Поезд уходит, покачиваясь и затихая.
Мать Бориса сидит за столом и строчит на швейной машинке. Когда машинка замолкает, в комнату через открытую форточку врывается звук гармони. Борис сидит у окна и с тоской смотрит на улицу.
Днем женщины и дети убирали двор – подметали землю, белили корявые стволы тополей, и теперь, вечером, – двор чистый и даже нарядный. Через весь двор песком написано большими неуклюжими буквами: «ДЕНЬ ШАХТЕРА!!!». Самый главный праздник.
Под тополем составлено несколько столов, на которых выпивка и закуска. Все уже хорошо выпили и хорошо закусили, а сейчас вышли из-за стола и плясали с частушками.

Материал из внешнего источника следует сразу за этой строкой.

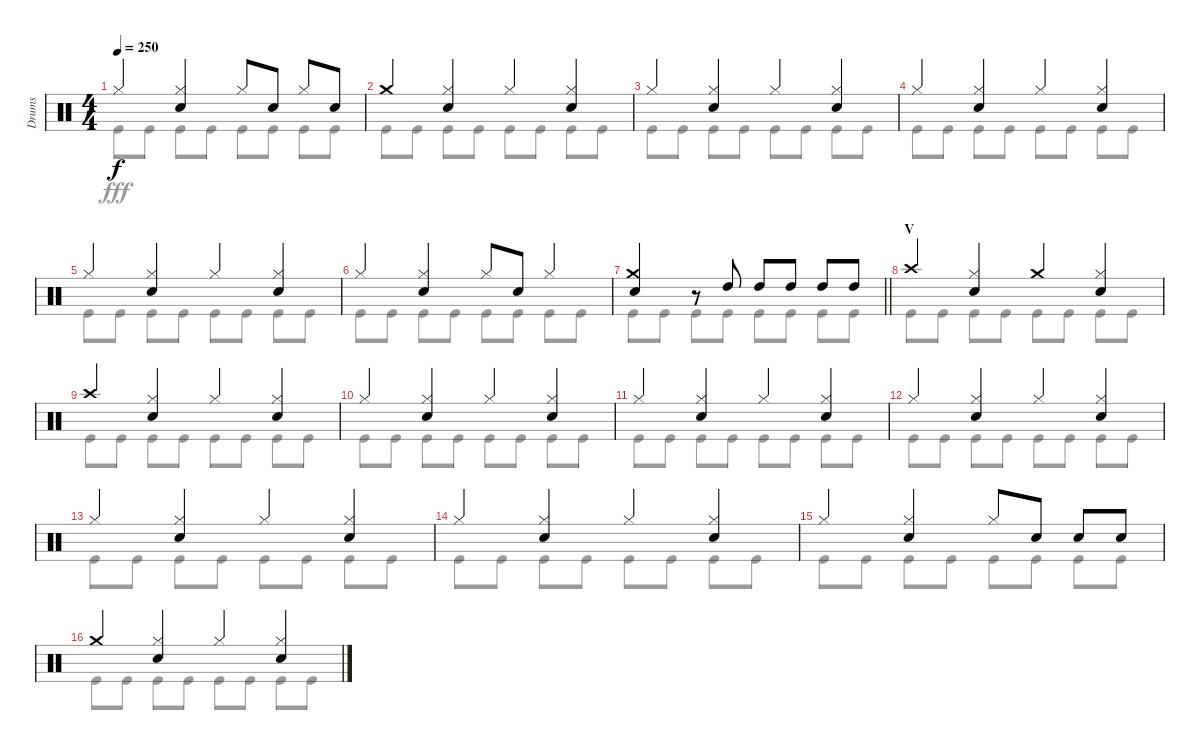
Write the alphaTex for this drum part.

Гармонист, длинный и смешной, положил голову на меха, будто спал, и, счастливо улыбаясь во сне, играл. Рядом с ним сидел, терпеливо улыбаясь, его сын, лет десяти, похожий на отца как две капли. Между пляшущими носились, балуясь, пацаны.
Борис смотрел в окно и сделал еще одну попытку.
– Мам, ну можно я пойду погуляю?
Мать промолчала, украдкой глянув в окно.
Какая-то смеющаяся женщина тянула в круг Федьку, а он неуклюже упирался.
– Ну мам?
– Сиди, – отрезала мать.
Дверь без стука распахнулась, вбежала красивая и веселая тетка Ира.
– Ань! – крикнула она весело, призывно махнула рукой и притопнула ногой, продолжая пляску. – Ну-ка, пошли!
– Нет, Ир, не хочется, что-то желудок у меня болит…
– Ладно-ладно, завирай, желудок у нее болит! Когда болел – не сидела так небось! Небось машинку у Нинки нарочно взяла, чтобы не слышно было, как гармонь играет! – и засмеялась.